The House and Speaker Matt Hall (R-Richland Township) asked Patel to dismiss the lawsuit. His main argument was that that the 102nd Legislature ended upon the final adjournment of its second regular session and did not carry over into the current 103rd Legislature. The Senate has failed to point to constitutional text, case law or any other authority that would support its novel claim that the 103rd Legislature has a duty – much less a clear one, as is needed to prevail on their mandamus claim – to present bills passed by a prior Legislature.

Brinks and the Senate have argued that they were entitled to summary disposition and have standing, and that the claims are justiciable and are entitled to mandamus relief.

Arguing on behalf of the Senate and Brinks on Monday was attorney Mark Brewer of Goodman Acker. Brewer said it was clear the House and its clerk had a legal duty to present the bills at issue.

"On the text of Article IV, Section 33 indicated that every bill passed by the Legislature shall be presented to the governor.
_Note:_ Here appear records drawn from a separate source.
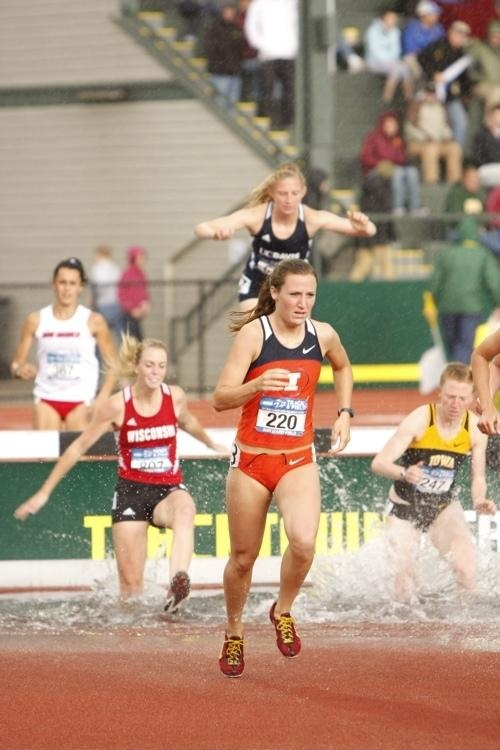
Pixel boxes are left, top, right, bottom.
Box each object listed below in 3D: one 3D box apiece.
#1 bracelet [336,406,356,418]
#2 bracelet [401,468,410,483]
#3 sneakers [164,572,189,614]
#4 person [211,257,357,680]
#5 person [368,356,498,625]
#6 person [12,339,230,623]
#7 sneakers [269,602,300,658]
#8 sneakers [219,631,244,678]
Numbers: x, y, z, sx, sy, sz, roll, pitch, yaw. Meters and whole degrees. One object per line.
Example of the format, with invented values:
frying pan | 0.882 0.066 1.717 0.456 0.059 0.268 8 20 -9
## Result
bracelet | 0.409 0.157 4.700 0.081 0.042 0.060 -1 1 -8
bracelet | 0.760 0.488 5.463 0.039 0.050 0.019 -2 4 3
sneakers | -0.322 0.974 4.995 0.089 0.238 0.096 14 37 -4
person | 0.132 0.360 4.401 0.500 1.632 0.815 2 11 6
person | 0.917 0.565 5.675 0.592 1.287 0.414 2 11 4
person | -0.592 0.486 5.488 0.846 1.308 1.085 0 11 -2
sneakers | 0.136 0.989 4.331 0.087 0.100 0.243 -14 45 -4
sneakers | -0.068 1.068 4.202 0.063 0.068 0.171 -1 25 -6

The Michigan Supreme Court has long ruled that shall means shall … and the Supreme Court has also held that the constitutional provisions in the Presentment Clause are 'that which regulate the presentation, approval and veto of bills by the executive are mandatory, and the procedure thus established cannot be enlarged, curtailed, changed, or qualified by the legislative body,'" Brewer said. "So, not only is the text of the Constitution clear, but it's also clear that the (Constitutional Convention) delegates who drafted that text understood that they were imposing a duty on the Legislature, and on the legislative body in which a bill originated, to present bills to the governor."

Brewer doubled down on the Constitutional Convention record, noting delegates repeatedly spoke of the duty of a particular chamber, whether that be secretary of the Senate or the clerk of the House, having an obligation to execute the duty of presenting a session's enrolled yet unpresented bills, whether current or past.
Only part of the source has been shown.